Cash flow statement is a financial statement that records how cash flows in and out of a business during a specified period. This statement gives a well-rounded picture of a business’s financial health by determining where a business is earning and spending its cash. Performing a cash flow analysis is essential in success of any small business.

If a cash flow analysis shows a business is running short of cash to meet expenses, the business can plan ways to cut costs, obtain financing or take further steps to accelerate income production. If a cash flow analysis shows that a business has additional cash on hand, a business can plan to invest this cash in capital assets or other investments to produce additional income that can help the business.

Cash flow statements can be prepared through two different methods, indirect and direct. Both methods include the following categories:

Cash flow from Operating activities: This section includes any cash activity that is related to actual operating business of the corporation (e.g., inflow of cash: Sales/paid receivables; outflow of cash: amounts paid to suppliers, employee payroll and any taxes paid on core business function)

Cash flow from Investment activities: This section includes any cash activity that is related to purchase and sale of assets that are not related to daily operations of the business. (e.g. inflow of cash: investment income, capital gains from non-business related assets; outflow of cash: purchase of investments or any capital assets that will not be used in daily business activities)

Cash flow from Financing activities: This section includes any cash activity in relation to financing of the business. (e.g. inflow of cash: attaining a loan for business activities, selling shares of the corporation to raise capital; outflow of cash: making payments on the business loan)

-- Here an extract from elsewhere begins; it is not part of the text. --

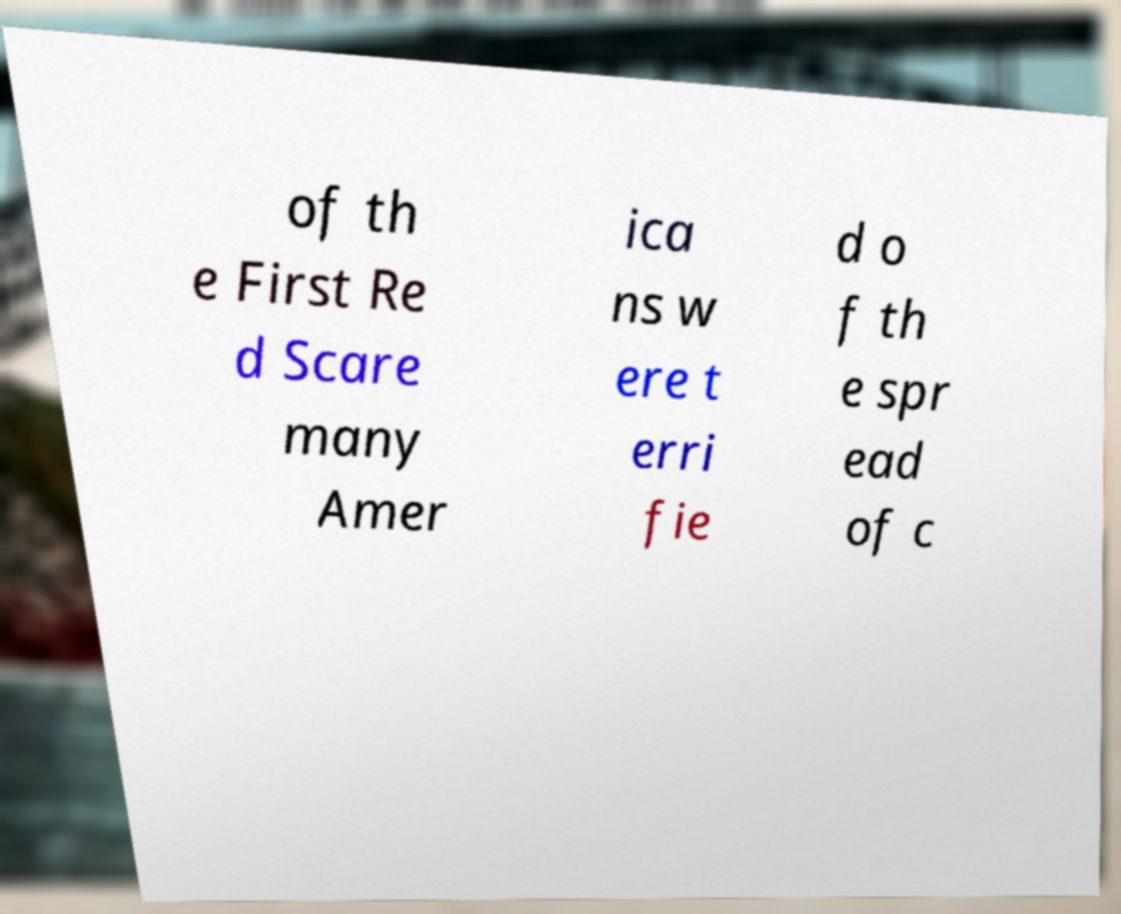There's text embedded in this image that I need extracted. Can you transcribe it verbatim? of th e First Re d Scare many Amer ica ns w ere t erri fie d o f th e spr ead of c

Once a cash flow statement is prepared, if the closing balance is higher than the opening balance, a business has a positive cash flow. If it is lower, than the business had a negative cash flow during that period.

By examining the cash flow statements, a business owner can brainstorm some ideas that can be used to remedy any cash flow problem that is currently faced by the business. Some examples of these ideas include:

  • Buy less inventory if an adequate amount of stock is available for production or sale.
  • Pay vendors later than usual (but remain within the due date)
  • Reach out to late paying clients to speed up the payment process.
  • Raise prices if required
  • Adjust staffing to reduce payroll expenses.
  • Find short term financing to achieve more cash.

Conclusion:

If you require any help in cash flow analysis or other parts of your business, please contact us.

This information is for discussion purposes only and should not be considered professional advice. There is no guarantee or warrant of information on this site and it should be noted that rules and laws change regularly. You should consult a professional before considering implementing or taking any action based on information on this site. Call our team for a consultation before taking any action. ©2022 Shajani LLP.

Shajani LLP is a CPA Calgary, Edmonton and Red Deer firm and provides Accountant, Bookkeeping, Tax Advice and Tax Planning service.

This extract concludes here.